The balance' function expects the subtrees l and r to have the same blackHeight and that at most of them has a red-red violation. The resulting tree has the same blackHeight as a tree constructed directly with the T data constructor rather than via the different rotations. If one of the four rebalancing cases is triggered, then the resulting tree t' has noRedRed violation. Otherwise, the (untransformed) tree t' may have one.
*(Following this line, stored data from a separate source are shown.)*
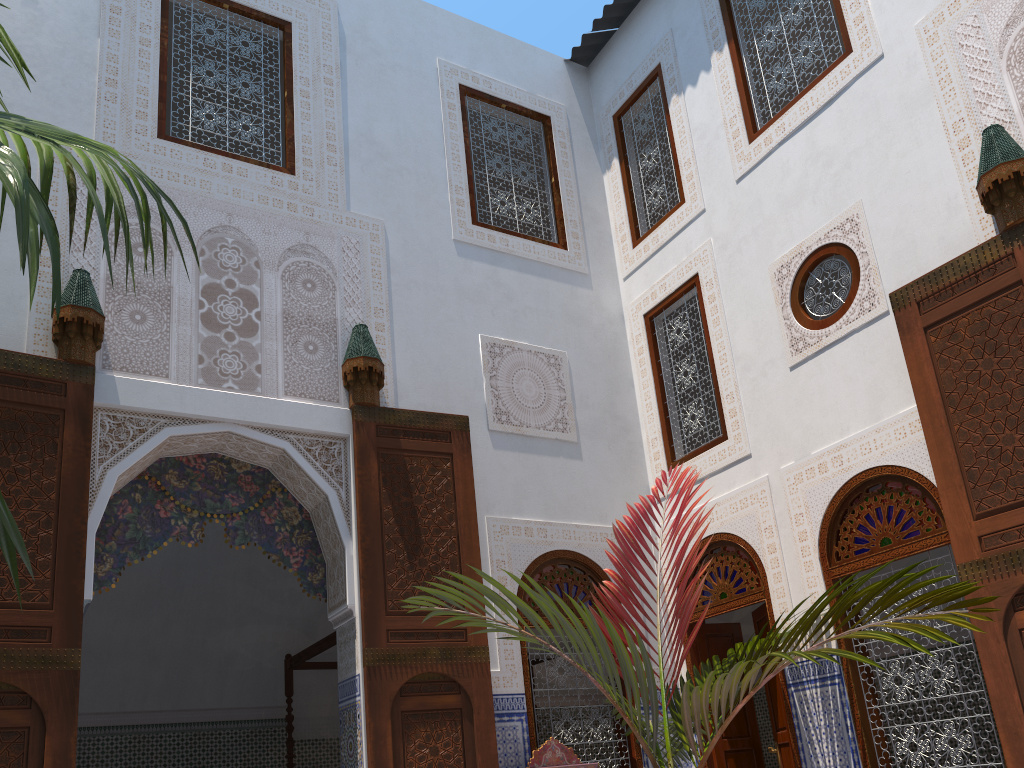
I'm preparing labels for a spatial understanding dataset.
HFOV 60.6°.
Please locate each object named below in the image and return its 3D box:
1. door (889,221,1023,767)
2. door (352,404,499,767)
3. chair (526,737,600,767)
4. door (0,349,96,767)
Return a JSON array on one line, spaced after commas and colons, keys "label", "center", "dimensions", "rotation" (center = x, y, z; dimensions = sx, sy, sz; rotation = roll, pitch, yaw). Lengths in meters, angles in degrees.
[{"label": "door", "center": [1.823, 0.658, 2.958], "dimensions": [0.125, 2.403, 0.605], "rotation": [7, -22, -34]}, {"label": "door", "center": [-0.365, 1.269, 3.806], "dimensions": [0.585, 2.403, 0.129], "rotation": [4, -20, -27]}, {"label": "chair", "center": [0.346, 2.009, 3.673], "dimensions": [0.488, 1.031, 0.524], "rotation": [6, -22, -30]}, {"label": "door", "center": [-1.780, 1.021, 2.973], "dimensions": [0.589, 2.403, 0.128], "rotation": [8, -23, -36]}]

Therefore, the postcondition is maybeOneRedRed.

balance' c l val r_ =
  let r = 
    checkArg "[balance']" (\arg ->
      (bh l == bh arg) &&
      (xor [  noRedRed l &&  noRedRed arg
           , oneRedRed l &&  noRedRed arg
           ,  noRedRed l && oneRedRed arg ])) r_
  let ret =
    case (c, l, val, r) of
      (B, T R (T R a x b) y c, z, d) -> T R (T B a x b) y (T B c z d)
      (B, T R a x (T R b y c), z, d) -> T R (T B a x b) y (T B c z d)
      (B, a, x, T R (T R b y c) z d) -> T R (T B a x b) y (T B c z d)
      (B, a, x, T R b y (T R c z d)) -> T R (T B a x b) y (T B c z d)
      _                              -> T c l val r
  checkRet "[balance']"
    (\t' -> maybeOneRedRed t' && bh t' == bh (T c l val r)) ret

xor bs = List.filter (\b -> b == True) bs == [True]

Because pre- and post-conditions are evaluated on every function call (and the predicates we have supplied are linear in the size of their arguments), these versions run much slower than the original versions.

> t = buildRandom insert 1000        -- fast

> t' = buildRandom insert' 1000      -- slow

> t == t'
True : Bool

During program development, however, we are often willing to trade performance in exchange for help with testing and identifying bugs.

Try introducing some bugs into the implementation in order to trigger run-time contract violations.

Some languages, such as Racket, provide extensive support for specifying and checking contracts. One might imagine an extension to Elm that allowed us to write the following more precise function types, which automatically get translated to the wrapped functions we have manually written above. Notice that, in this syntax, types are "refined" by predicate functions.

insert' : x:Int -> t:Tree{rb t} -> t':Tree{rb t'}

ins' : x:Int -> t:Tree{rb t} -> t':Tree{bh t' == bh t && maybeOneRedRed t'}

balance' : c:Color
        -> l:Tree
        -> val:Int
        -> r:Tree{bh l == bh r && xor [ ... ]}
        -> t':Tree{bh t' == bh (T c l val r) && maybeOneRedRed t'}

Better still would be for the language to statically figure out that these contracts will never violated at run-time and, hence, do not need to be checked dynamically.

Alas, in this course, we will not cover software verification techniques or dependent type systems that are able to reason about certain fine-grained program invariants like these. But this is a longstanding and very active area of research.